#### Work order
Without the pictures, reproduce the records that follow exactly.

(Collected data entries)
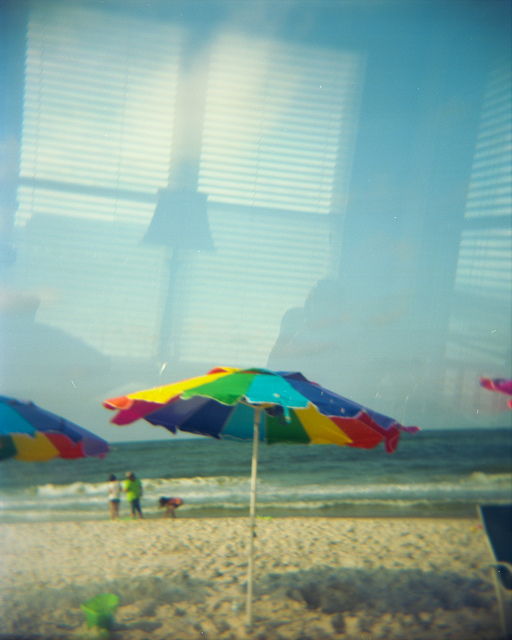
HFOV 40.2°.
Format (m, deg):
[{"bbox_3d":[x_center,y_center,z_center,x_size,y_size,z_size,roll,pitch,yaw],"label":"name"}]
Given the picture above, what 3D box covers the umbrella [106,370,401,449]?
[{"bbox_3d":[-0.001,0.498,3.740,1.380,0.443,0.819,6,0,22],"label":"umbrella"}]
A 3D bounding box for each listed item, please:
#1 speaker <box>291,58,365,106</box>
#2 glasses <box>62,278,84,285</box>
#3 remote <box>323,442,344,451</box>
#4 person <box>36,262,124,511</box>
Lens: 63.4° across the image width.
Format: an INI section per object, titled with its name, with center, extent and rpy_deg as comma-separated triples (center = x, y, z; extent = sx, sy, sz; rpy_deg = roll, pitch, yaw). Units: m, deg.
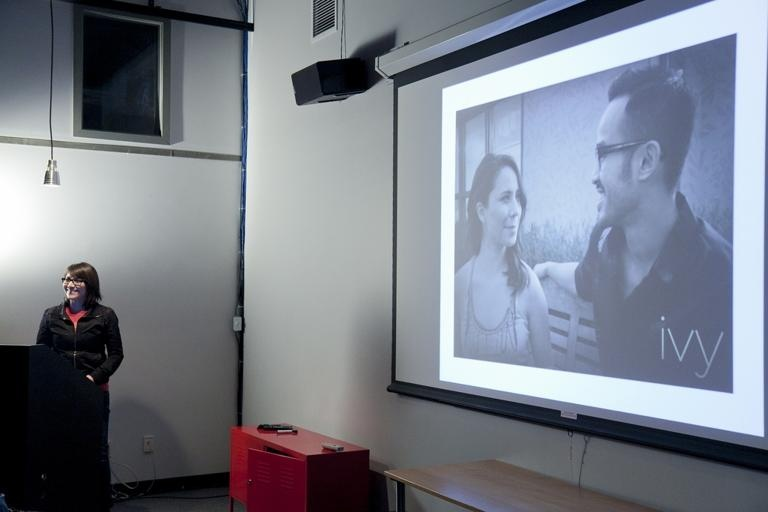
[speaker]
center = -0.382, -1.288, 4.567
extent = 0.582, 0.308, 0.283
rpy_deg = -1, 8, 43
[glasses]
center = -2.436, 0.203, 4.894
extent = 0.079, 0.024, 0.079
rpy_deg = 2, -16, -3
[remote]
center = -0.335, 1.283, 4.168
extent = 0.086, 0.026, 0.054
rpy_deg = 2, -1, 26
[person]
center = -2.302, 1.057, 4.876
extent = 0.621, 2.064, 0.869
rpy_deg = 1, -6, -45
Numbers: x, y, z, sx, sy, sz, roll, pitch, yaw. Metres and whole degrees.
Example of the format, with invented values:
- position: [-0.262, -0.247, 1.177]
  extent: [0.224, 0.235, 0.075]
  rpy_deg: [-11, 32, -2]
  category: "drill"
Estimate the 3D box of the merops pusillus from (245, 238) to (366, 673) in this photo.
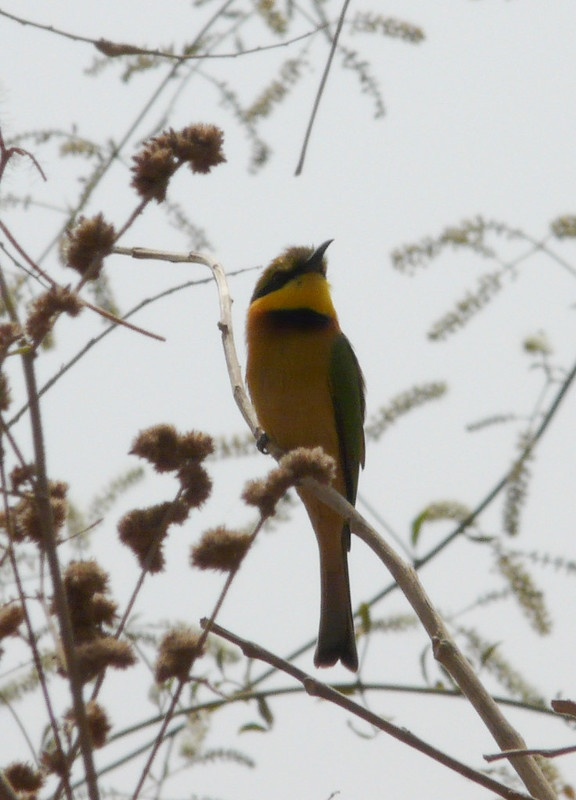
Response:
- position: [0.056, 0.133, 3.659]
  extent: [0.227, 0.383, 1.019]
  rpy_deg: [-2, -87, 0]
  category: "merops pusillus"
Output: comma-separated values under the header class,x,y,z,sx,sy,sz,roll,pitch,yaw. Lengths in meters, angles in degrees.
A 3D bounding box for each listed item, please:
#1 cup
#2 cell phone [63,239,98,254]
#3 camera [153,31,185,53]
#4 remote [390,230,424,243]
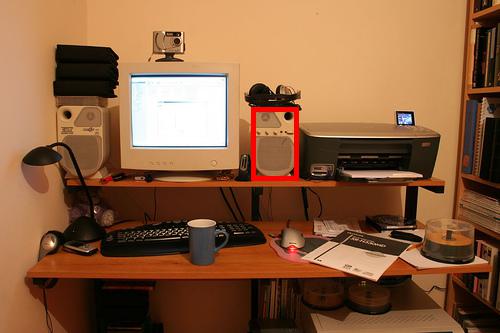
class,x,y,z,sx,sy,sz,roll,pitch,yaw
cup,-0.218,0.355,1.964,0.239,0.210,0.146,1,1,-18
cell phone,-0.837,0.392,2.062,0.126,0.025,0.068,9,16,13
camera,-0.443,-0.669,2.316,0.201,0.132,0.108,1,7,-2
remote,0.811,0.349,2.175,0.104,0.026,0.064,12,14,34
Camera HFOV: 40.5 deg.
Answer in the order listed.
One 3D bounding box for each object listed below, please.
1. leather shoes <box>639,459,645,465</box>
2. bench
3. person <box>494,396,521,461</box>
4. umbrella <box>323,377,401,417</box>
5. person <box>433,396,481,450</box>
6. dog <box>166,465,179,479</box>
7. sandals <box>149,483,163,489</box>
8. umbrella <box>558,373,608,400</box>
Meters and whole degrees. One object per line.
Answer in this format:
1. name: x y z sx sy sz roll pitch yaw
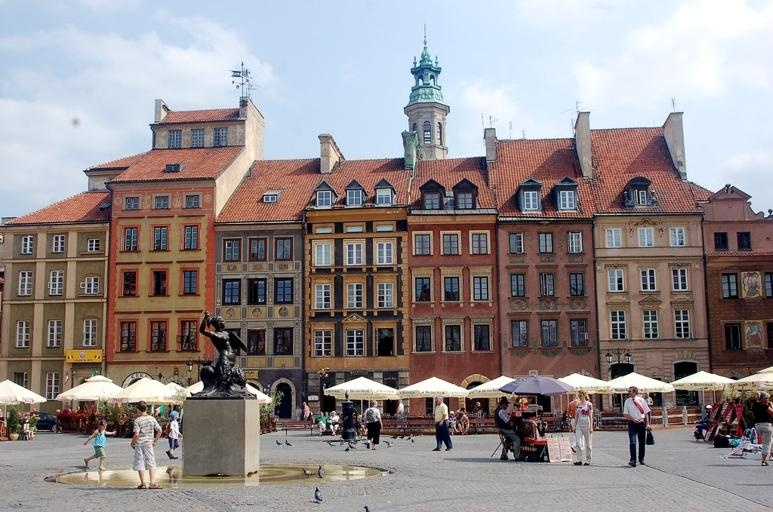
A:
1. leather shoes: 10.480 8.466 43.004 0.179 0.204 0.180 3 1 43
2. bench: 4.534 9.668 60.339 12.006 0.970 1.714 0 -25 1
3. person: 5.341 7.568 45.700 1.005 2.683 1.065 -2 -12 6
4. umbrella: -1.654 7.862 60.055 2.731 0.992 2.628 14 -30 -35
5. person: 2.697 7.942 49.053 1.267 2.653 0.880 3 -6 -27
6. dog: -8.568 8.724 42.253 0.289 0.513 0.332 -3 -13 26
7. sandals: -8.650 8.626 39.383 0.396 0.155 0.192 -2 -10 4
8. umbrella: 11.223 7.267 59.157 2.604 0.883 2.602 20 -8 -7
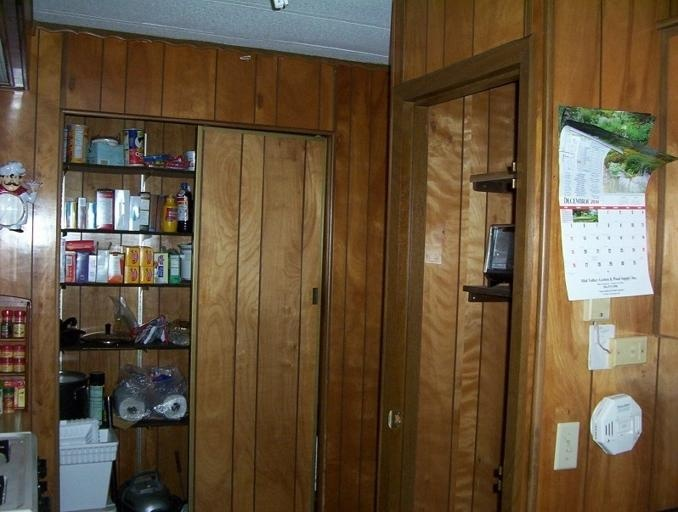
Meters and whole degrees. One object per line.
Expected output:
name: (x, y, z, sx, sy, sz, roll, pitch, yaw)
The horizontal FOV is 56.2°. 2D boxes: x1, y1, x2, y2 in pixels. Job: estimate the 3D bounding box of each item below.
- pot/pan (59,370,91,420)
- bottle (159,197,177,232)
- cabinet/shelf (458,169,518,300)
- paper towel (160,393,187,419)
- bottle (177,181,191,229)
pot/pan: (-1.494, 0.778, 3.656, 0.224, 0.232, 0.218, -1, 7, -21)
bottle: (-1.015, -0.242, 3.754, 0.095, 0.224, 0.136, 0, -3, -17)
cabinet/shelf: (0.657, -0.112, 2.770, 0.283, 0.564, 0.582, 1, 2, 11)
paper towel: (-0.993, 0.894, 3.743, 0.179, 0.143, 0.046, 0, -3, -16)
bottle: (-0.927, -0.288, 3.763, 0.089, 0.311, 0.096, -1, -3, 0)
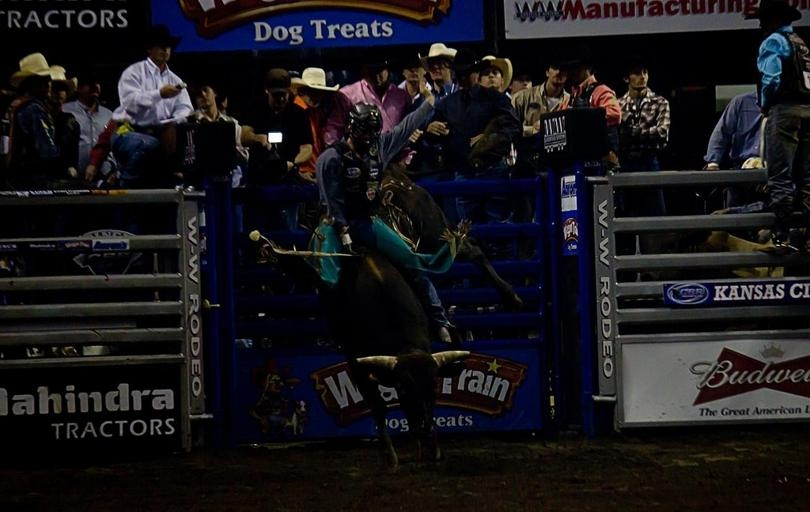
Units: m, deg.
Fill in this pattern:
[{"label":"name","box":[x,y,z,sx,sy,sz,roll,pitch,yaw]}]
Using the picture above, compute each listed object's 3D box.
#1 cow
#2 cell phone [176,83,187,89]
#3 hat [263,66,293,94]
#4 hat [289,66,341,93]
[{"label":"cow","box":[-0.068,0.578,13.901,1.379,1.762,3.354,-32,37,19]},{"label":"cell phone","box":[-2.509,-1.904,14.993,0.082,0.073,0.024,0,52,-4]},{"label":"hat","box":[-1.450,-1.993,15.217,0.237,0.156,0.292,0,43,-12]},{"label":"hat","box":[-1.076,-1.997,15.266,0.369,0.126,0.324,-3,0,36]}]
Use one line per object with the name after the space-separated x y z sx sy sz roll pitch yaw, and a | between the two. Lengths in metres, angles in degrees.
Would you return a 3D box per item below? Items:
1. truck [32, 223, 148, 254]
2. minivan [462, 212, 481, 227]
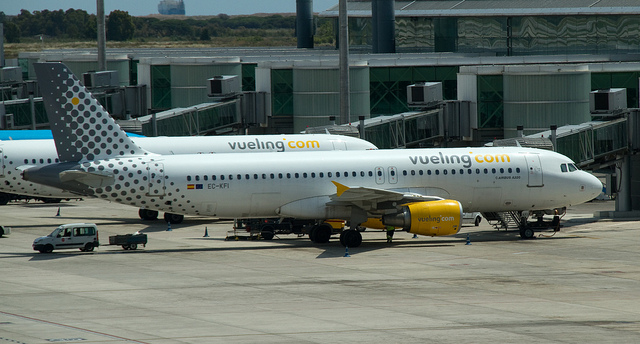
-19.451 5.582 90.703 10.321 1.873 3.040 0 -1 -11 | truck
13.970 4.244 98.473 2.425 0.928 1.165 -5 5 -12 | minivan

#### Exercise answer
HFOV 40.2°.
Format (m, deg):
[{"bbox_3d":[x_center,y_center,z_center,x_size,y_size,z_size,roll,pitch,yaw],"label":"name"}]
Given the picture above, what 3D box covers the umbrella [106,370,401,449]?
[{"bbox_3d":[-0.001,0.498,3.740,1.380,0.443,0.819,6,0,22],"label":"umbrella"}]
A 3D bounding box for each listed item, please:
#1 speaker <box>291,58,365,106</box>
#2 glasses <box>62,278,84,285</box>
#3 remote <box>323,442,344,451</box>
#4 person <box>36,262,124,511</box>
Lens: 63.4° across the image width.
Format: an INI section per object, titled with its name, with center, extent and rpy_deg as comma-separated triples (center = x, y, z; extent = sx, sy, sz; rpy_deg = roll, pitch, yaw). Units: m, deg.
[speaker]
center = -0.382, -1.288, 4.567
extent = 0.582, 0.308, 0.283
rpy_deg = -1, 8, 43
[glasses]
center = -2.436, 0.203, 4.894
extent = 0.079, 0.024, 0.079
rpy_deg = 2, -16, -3
[remote]
center = -0.335, 1.283, 4.168
extent = 0.086, 0.026, 0.054
rpy_deg = 2, -1, 26
[person]
center = -2.302, 1.057, 4.876
extent = 0.621, 2.064, 0.869
rpy_deg = 1, -6, -45
Numbers: x, y, z, sx, sy, sz, roll, pitch, yaw. Metres and whole degrees.
Example of the format, with invented values:
- position: [-0.262, -0.247, 1.177]
  extent: [0.224, 0.235, 0.075]
  rpy_deg: [-11, 32, -2]
  category: "drill"
Estimate the 3D box of the merops pusillus from (245, 238) to (366, 673) in this photo.
Response:
- position: [0.056, 0.133, 3.659]
  extent: [0.227, 0.383, 1.019]
  rpy_deg: [-2, -87, 0]
  category: "merops pusillus"
Output: comma-separated values under the header class,x,y,z,sx,sy,sz,roll,pitch,yaw. Lengths in meters, angles in degrees.
A 3D bounding box for each listed item, please:
#1 cup
#2 cell phone [63,239,98,254]
#3 camera [153,31,185,53]
#4 remote [390,230,424,243]
class,x,y,z,sx,sy,sz,roll,pitch,yaw
cup,-0.218,0.355,1.964,0.239,0.210,0.146,1,1,-18
cell phone,-0.837,0.392,2.062,0.126,0.025,0.068,9,16,13
camera,-0.443,-0.669,2.316,0.201,0.132,0.108,1,7,-2
remote,0.811,0.349,2.175,0.104,0.026,0.064,12,14,34
Camera HFOV: 40.5 deg.
Answer in the order listed.
One 3D bounding box for each object listed below, please.
1. leather shoes <box>639,459,645,465</box>
2. bench
3. person <box>494,396,521,461</box>
4. umbrella <box>323,377,401,417</box>
5. person <box>433,396,481,450</box>
6. dog <box>166,465,179,479</box>
7. sandals <box>149,483,163,489</box>
8. umbrella <box>558,373,608,400</box>
Meters and whole degrees. One object per line.
Answer in this format:
1. name: x y z sx sy sz roll pitch yaw
A:
1. leather shoes: 10.480 8.466 43.004 0.179 0.204 0.180 3 1 43
2. bench: 4.534 9.668 60.339 12.006 0.970 1.714 0 -25 1
3. person: 5.341 7.568 45.700 1.005 2.683 1.065 -2 -12 6
4. umbrella: -1.654 7.862 60.055 2.731 0.992 2.628 14 -30 -35
5. person: 2.697 7.942 49.053 1.267 2.653 0.880 3 -6 -27
6. dog: -8.568 8.724 42.253 0.289 0.513 0.332 -3 -13 26
7. sandals: -8.650 8.626 39.383 0.396 0.155 0.192 -2 -10 4
8. umbrella: 11.223 7.267 59.157 2.604 0.883 2.602 20 -8 -7
Meters and whole degrees. One object per line.
Expected output:
name: (x, y, z, sx, sy, sz, roll, pitch, yaw)
The horizontal FOV is 56.2°. 2D boxes: x1, y1, x2, y2 in pixels. Job: estimate the 3D bounding box of each item below.
- pot/pan (59,370,91,420)
- bottle (159,197,177,232)
- cabinet/shelf (458,169,518,300)
- paper towel (160,393,187,419)
- bottle (177,181,191,229)
pot/pan: (-1.494, 0.778, 3.656, 0.224, 0.232, 0.218, -1, 7, -21)
bottle: (-1.015, -0.242, 3.754, 0.095, 0.224, 0.136, 0, -3, -17)
cabinet/shelf: (0.657, -0.112, 2.770, 0.283, 0.564, 0.582, 1, 2, 11)
paper towel: (-0.993, 0.894, 3.743, 0.179, 0.143, 0.046, 0, -3, -16)
bottle: (-0.927, -0.288, 3.763, 0.089, 0.311, 0.096, -1, -3, 0)
Units: m, deg.
Fill in this pattern:
[{"label":"name","box":[x,y,z,sx,sy,sz,roll,pitch,yaw]}]
Using the picture above, compute each listed object's 3D box.
#1 cow
#2 cell phone [176,83,187,89]
#3 hat [263,66,293,94]
#4 hat [289,66,341,93]
[{"label":"cow","box":[-0.068,0.578,13.901,1.379,1.762,3.354,-32,37,19]},{"label":"cell phone","box":[-2.509,-1.904,14.993,0.082,0.073,0.024,0,52,-4]},{"label":"hat","box":[-1.450,-1.993,15.217,0.237,0.156,0.292,0,43,-12]},{"label":"hat","box":[-1.076,-1.997,15.266,0.369,0.126,0.324,-3,0,36]}]
Use one line per object with the name after the space-separated x y z sx sy sz roll pitch yaw, and a | between the two. Lengths in metres, angles in degrees.
Would you return a 3D box per item below? Items:
1. truck [32, 223, 148, 254]
2. minivan [462, 212, 481, 227]
-19.451 5.582 90.703 10.321 1.873 3.040 0 -1 -11 | truck
13.970 4.244 98.473 2.425 0.928 1.165 -5 5 -12 | minivan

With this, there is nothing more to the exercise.